## What the task requires
Whenever a line in the following entries includes "degrees", tally it. Report nothing except the final count.

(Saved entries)

━━━━

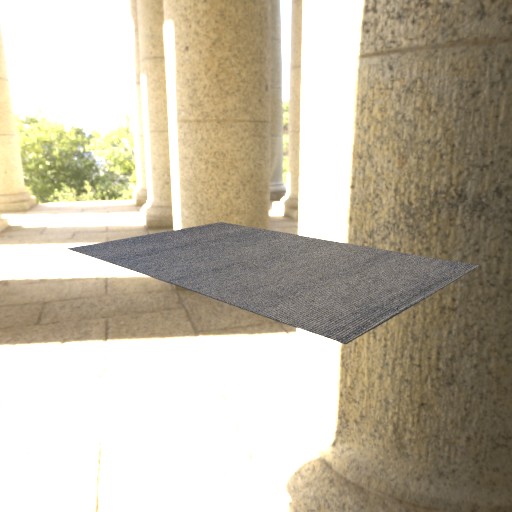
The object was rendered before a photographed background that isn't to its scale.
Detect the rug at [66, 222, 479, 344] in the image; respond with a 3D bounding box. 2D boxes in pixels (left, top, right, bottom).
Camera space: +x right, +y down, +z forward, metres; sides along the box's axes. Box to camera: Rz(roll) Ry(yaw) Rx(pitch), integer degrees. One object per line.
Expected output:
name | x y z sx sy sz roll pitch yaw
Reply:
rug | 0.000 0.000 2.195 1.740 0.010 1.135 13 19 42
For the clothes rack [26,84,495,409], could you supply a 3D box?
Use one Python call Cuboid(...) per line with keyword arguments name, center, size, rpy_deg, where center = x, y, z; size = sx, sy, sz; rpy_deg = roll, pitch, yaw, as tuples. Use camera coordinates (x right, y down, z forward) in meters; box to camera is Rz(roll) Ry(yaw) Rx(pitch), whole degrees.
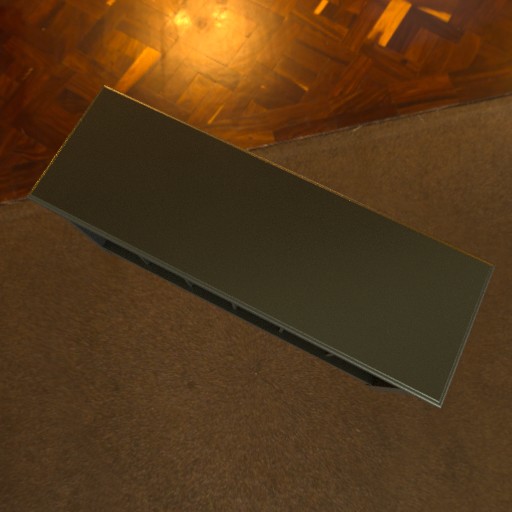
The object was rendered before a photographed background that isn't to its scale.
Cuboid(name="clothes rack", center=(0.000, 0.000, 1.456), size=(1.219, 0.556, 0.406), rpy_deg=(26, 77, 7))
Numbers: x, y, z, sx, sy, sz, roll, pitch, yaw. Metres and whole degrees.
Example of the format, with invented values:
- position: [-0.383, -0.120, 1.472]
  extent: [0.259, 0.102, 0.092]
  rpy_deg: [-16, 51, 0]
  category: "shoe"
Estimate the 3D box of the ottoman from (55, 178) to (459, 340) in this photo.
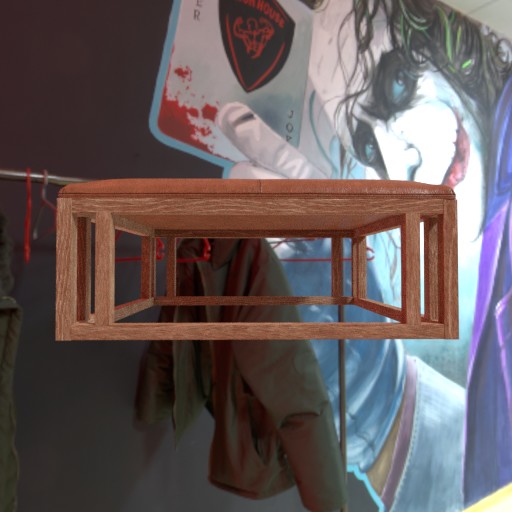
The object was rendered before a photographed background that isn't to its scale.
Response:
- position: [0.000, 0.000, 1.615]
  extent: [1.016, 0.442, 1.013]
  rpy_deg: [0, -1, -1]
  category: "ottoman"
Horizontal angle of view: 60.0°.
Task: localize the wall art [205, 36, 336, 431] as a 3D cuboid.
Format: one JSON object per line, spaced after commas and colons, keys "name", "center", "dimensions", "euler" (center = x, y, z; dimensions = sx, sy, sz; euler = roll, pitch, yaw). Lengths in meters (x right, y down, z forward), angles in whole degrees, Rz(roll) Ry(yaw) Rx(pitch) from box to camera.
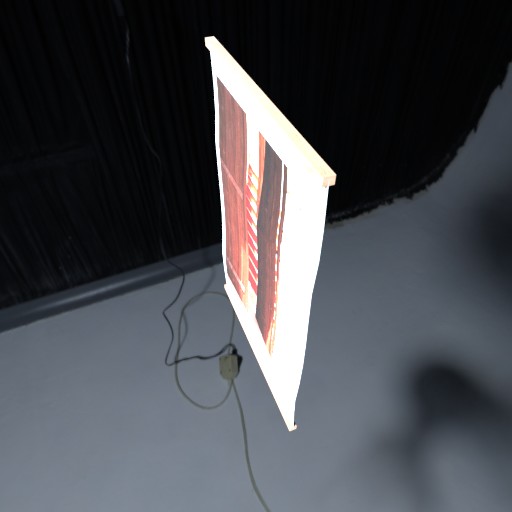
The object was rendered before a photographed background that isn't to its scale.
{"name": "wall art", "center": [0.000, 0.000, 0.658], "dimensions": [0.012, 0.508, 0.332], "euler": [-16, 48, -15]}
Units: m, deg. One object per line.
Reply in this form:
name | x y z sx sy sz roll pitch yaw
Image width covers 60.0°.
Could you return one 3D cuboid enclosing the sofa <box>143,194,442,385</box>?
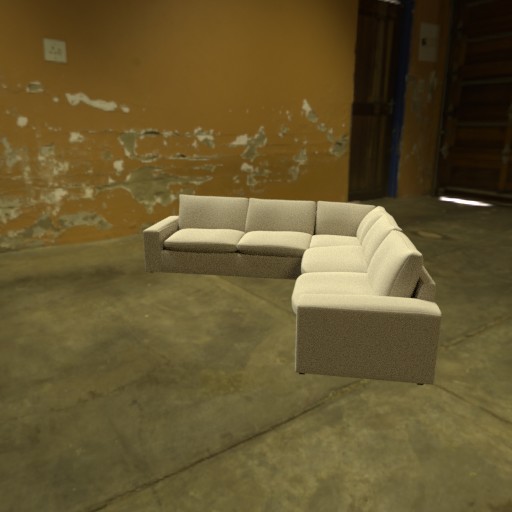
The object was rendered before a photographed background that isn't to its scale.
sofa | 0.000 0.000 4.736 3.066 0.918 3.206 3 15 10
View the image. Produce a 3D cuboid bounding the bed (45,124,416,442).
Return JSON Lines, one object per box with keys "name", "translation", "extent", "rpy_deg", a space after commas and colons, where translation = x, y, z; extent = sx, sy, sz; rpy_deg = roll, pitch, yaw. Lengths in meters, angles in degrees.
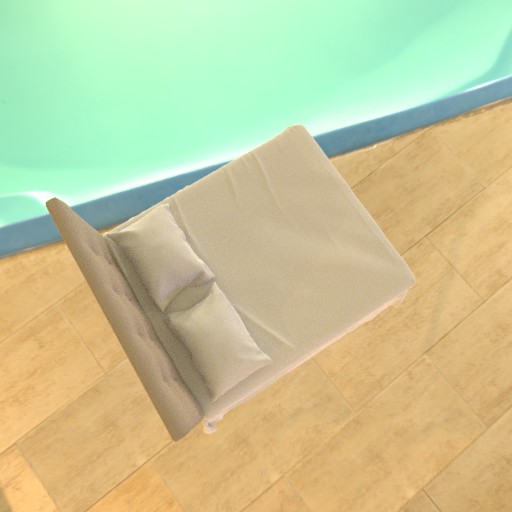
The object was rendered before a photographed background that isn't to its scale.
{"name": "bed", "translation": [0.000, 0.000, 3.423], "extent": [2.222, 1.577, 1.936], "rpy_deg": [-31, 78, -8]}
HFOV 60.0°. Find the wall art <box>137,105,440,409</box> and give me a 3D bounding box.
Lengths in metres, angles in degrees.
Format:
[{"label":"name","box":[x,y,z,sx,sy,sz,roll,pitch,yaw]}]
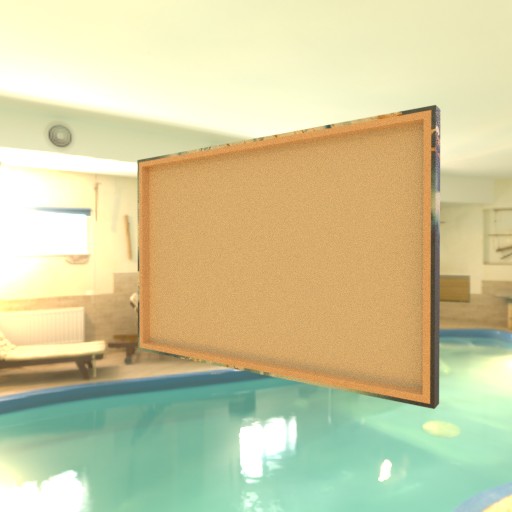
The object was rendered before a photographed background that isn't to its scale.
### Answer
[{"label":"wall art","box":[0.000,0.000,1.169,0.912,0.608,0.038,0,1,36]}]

━━━━

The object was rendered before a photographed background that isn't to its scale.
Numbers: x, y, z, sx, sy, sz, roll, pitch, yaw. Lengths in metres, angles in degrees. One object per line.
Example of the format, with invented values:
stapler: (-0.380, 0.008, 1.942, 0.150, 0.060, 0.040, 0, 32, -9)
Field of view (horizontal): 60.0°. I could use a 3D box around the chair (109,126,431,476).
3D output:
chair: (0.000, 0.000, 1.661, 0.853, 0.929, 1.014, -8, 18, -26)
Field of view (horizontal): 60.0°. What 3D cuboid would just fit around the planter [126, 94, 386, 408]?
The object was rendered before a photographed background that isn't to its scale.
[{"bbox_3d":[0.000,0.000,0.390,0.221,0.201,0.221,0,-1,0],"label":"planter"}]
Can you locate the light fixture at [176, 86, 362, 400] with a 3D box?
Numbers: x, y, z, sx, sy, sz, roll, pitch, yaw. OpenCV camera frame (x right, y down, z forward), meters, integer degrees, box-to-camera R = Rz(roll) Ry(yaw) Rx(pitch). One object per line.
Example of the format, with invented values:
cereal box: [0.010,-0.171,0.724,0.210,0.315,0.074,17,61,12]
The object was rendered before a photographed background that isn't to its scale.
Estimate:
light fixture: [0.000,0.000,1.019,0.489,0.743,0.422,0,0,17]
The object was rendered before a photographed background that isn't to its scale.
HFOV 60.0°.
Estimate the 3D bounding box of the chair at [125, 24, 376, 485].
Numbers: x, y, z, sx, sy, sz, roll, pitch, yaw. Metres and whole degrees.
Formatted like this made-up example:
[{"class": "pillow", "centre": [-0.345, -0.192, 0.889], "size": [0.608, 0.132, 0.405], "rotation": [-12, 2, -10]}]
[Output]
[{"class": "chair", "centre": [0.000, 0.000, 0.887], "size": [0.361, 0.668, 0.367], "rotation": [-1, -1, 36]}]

━━━━

## Solution for this exercise
9